Rede zur Eröffnung der Ausstellung
Eberhard Schlotter

»Zum 90. Geburtstag«

Aquarelle - Radierungen - Zyklen - Bibliophiles

Pressemeldung zur Ausstellung Eberhard Schlotter
Plakat zur Ausstellung
Der Künstler Eberhard Schlotter

Kunstkritiker Dr. Roland Held zu Eberhard Schlotter, 20. März 2011

Bücher über Völkerpsychologie haben heutzutage, weil als wissenschaftlich halbseiden erachtet, keine Konjunktur mehr.
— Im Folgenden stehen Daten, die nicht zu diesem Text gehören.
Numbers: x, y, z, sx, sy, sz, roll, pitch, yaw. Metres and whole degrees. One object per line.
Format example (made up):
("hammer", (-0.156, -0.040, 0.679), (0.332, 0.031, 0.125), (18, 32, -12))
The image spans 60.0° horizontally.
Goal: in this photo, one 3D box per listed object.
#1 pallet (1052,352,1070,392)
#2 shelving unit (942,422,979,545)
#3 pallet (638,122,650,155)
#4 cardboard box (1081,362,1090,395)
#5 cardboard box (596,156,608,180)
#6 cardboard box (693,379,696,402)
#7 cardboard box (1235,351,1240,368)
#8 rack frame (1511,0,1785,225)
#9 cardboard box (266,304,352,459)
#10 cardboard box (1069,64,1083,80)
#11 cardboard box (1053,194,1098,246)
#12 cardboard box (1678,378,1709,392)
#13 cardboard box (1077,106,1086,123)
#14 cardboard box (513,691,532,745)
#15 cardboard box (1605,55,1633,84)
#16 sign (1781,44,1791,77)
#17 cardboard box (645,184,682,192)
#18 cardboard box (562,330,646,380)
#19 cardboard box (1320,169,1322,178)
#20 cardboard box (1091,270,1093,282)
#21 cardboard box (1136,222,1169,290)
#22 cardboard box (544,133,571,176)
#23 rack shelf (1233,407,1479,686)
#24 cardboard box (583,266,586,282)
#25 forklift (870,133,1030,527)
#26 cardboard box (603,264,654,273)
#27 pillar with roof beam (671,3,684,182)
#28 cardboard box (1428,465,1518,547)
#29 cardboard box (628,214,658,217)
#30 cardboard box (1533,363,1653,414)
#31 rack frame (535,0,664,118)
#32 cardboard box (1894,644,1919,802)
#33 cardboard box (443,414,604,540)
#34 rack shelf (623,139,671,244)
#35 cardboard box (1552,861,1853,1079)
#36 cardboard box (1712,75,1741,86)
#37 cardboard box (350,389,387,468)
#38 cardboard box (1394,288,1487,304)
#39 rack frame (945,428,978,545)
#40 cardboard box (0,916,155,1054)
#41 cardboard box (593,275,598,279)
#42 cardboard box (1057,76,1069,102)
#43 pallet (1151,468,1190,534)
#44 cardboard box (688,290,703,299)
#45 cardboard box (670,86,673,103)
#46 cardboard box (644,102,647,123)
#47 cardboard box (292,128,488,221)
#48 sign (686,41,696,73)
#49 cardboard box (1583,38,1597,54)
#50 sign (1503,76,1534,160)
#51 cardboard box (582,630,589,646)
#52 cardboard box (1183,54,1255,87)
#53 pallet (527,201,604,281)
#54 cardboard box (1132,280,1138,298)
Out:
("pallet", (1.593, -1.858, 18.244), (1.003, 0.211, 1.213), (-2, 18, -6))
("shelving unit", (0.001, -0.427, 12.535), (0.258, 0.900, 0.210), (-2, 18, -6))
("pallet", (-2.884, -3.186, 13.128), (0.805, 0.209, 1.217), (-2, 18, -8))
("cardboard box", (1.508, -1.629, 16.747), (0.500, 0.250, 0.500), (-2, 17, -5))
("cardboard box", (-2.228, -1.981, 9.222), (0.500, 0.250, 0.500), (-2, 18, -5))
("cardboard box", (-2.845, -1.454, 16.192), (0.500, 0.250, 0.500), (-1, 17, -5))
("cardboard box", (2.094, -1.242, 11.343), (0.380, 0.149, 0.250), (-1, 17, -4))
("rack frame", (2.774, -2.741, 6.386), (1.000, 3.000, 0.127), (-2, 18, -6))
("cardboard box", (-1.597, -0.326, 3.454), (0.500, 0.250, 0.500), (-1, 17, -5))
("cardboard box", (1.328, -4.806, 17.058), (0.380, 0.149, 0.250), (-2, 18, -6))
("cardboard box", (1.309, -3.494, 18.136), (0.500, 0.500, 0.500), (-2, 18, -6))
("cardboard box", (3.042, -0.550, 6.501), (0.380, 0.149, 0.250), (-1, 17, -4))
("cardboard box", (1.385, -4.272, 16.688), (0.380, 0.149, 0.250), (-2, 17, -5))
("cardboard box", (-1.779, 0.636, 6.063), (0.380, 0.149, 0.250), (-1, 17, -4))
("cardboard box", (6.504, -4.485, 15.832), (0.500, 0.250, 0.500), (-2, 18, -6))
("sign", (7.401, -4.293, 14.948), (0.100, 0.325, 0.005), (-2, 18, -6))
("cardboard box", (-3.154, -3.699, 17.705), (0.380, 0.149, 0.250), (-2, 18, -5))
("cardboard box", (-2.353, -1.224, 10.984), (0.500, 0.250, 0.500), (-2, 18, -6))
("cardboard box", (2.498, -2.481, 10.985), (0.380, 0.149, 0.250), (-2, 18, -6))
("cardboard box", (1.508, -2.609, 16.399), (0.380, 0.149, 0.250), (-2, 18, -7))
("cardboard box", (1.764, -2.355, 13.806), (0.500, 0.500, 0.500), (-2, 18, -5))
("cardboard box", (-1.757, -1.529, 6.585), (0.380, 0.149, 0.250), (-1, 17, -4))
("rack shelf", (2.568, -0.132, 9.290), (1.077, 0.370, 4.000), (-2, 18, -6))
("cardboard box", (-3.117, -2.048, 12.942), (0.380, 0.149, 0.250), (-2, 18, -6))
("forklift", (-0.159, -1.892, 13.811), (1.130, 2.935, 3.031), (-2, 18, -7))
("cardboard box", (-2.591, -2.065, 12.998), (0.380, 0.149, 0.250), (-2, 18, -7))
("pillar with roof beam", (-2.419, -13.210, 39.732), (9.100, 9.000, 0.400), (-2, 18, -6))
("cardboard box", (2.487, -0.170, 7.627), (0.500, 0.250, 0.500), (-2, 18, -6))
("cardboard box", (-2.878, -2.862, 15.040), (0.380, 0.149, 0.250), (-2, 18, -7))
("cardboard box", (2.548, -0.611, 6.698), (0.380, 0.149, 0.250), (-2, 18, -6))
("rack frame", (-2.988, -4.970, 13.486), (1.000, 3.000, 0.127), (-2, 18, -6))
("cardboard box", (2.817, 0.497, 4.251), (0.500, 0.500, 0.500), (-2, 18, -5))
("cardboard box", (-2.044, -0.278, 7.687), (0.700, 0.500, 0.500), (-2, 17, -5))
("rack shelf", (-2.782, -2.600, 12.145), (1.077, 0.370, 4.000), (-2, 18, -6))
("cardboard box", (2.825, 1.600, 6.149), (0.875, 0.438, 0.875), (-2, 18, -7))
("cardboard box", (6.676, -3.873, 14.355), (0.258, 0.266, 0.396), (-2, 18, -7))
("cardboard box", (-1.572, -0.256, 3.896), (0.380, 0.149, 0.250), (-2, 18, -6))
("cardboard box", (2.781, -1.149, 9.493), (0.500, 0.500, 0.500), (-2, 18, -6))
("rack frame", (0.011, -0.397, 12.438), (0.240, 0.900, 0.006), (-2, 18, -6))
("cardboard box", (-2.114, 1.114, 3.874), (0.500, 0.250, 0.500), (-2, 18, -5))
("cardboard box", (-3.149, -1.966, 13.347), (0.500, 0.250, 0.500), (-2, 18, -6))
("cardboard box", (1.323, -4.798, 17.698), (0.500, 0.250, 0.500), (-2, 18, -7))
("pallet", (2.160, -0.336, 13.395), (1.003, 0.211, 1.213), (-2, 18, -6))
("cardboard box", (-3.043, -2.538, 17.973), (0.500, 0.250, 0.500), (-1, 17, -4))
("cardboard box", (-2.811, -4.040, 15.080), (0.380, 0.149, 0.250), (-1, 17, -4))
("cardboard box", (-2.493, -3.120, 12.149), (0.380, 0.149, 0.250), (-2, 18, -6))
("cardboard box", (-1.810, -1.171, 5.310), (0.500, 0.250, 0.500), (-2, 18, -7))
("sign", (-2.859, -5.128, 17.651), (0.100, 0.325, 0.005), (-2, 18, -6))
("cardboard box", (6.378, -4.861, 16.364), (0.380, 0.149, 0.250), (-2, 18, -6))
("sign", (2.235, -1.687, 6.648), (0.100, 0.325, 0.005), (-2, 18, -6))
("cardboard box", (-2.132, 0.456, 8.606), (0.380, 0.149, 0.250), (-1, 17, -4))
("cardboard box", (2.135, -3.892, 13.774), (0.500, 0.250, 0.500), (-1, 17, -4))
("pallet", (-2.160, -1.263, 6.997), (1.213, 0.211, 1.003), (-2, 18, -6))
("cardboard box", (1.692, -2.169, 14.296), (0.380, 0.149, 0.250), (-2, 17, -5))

Eines, das ich Ihnen, meine sehr verehrten Damen und Herren, dennoch ans Herz legen kann, ist Salvador de Madariagas „Porträt Europas“. Getragen von universaler Bildung, wie man ihr nur selten begegnet, doch in sehr lesbaren Sätzen setzt der Autor die in seinen Augen wichtigsten abendländischen Kulturnationen in wechselseitige Kontraste, darunter auch Spanien und Deutschland. Er zeichnet nach, wie sich die Wege beider Länder im Lauf der Geschichte zwar mehrmals aufs engste kreuzten, vom Reich der Westgoten bis zu dem des Habsburger-Kaisers Karl V. Und wie trotzdem Nationen mit gänzlich gegensätzlichem Charakter herauskamen: grüblerisch, alles durchplanend die Deutschen, dabei zu einer gewissen Untertanenmentalität neigend, aufbrausend, eher spontan und organisationsscheu die Spanier, geboren für anarchische Rebellion. Madariaga findet Elementar-Metaphern dafür: in die Tiefe sickernd, daher dem Wasser verwandt das Deutsche, in die Höhe züngelnd, daher dem Feuer verwandt das Spanische. Ausführlich jedoch behandelt er eine kleine Gruppe literarischer Figuren, in denen sich die jeweiligen Volkspsychologien ideal verkörpern. Hauptsächlich eigentlich vier Figuren: Shakespeares Hamlet, Tirso de Molinas Don Juan, Cervantes’ Don Quijote und Goethes Faust. Man verzeihe ihm, dem stolzen Spanier, daß gleich zwei davon der eigenen Nationalliteratur entstammen.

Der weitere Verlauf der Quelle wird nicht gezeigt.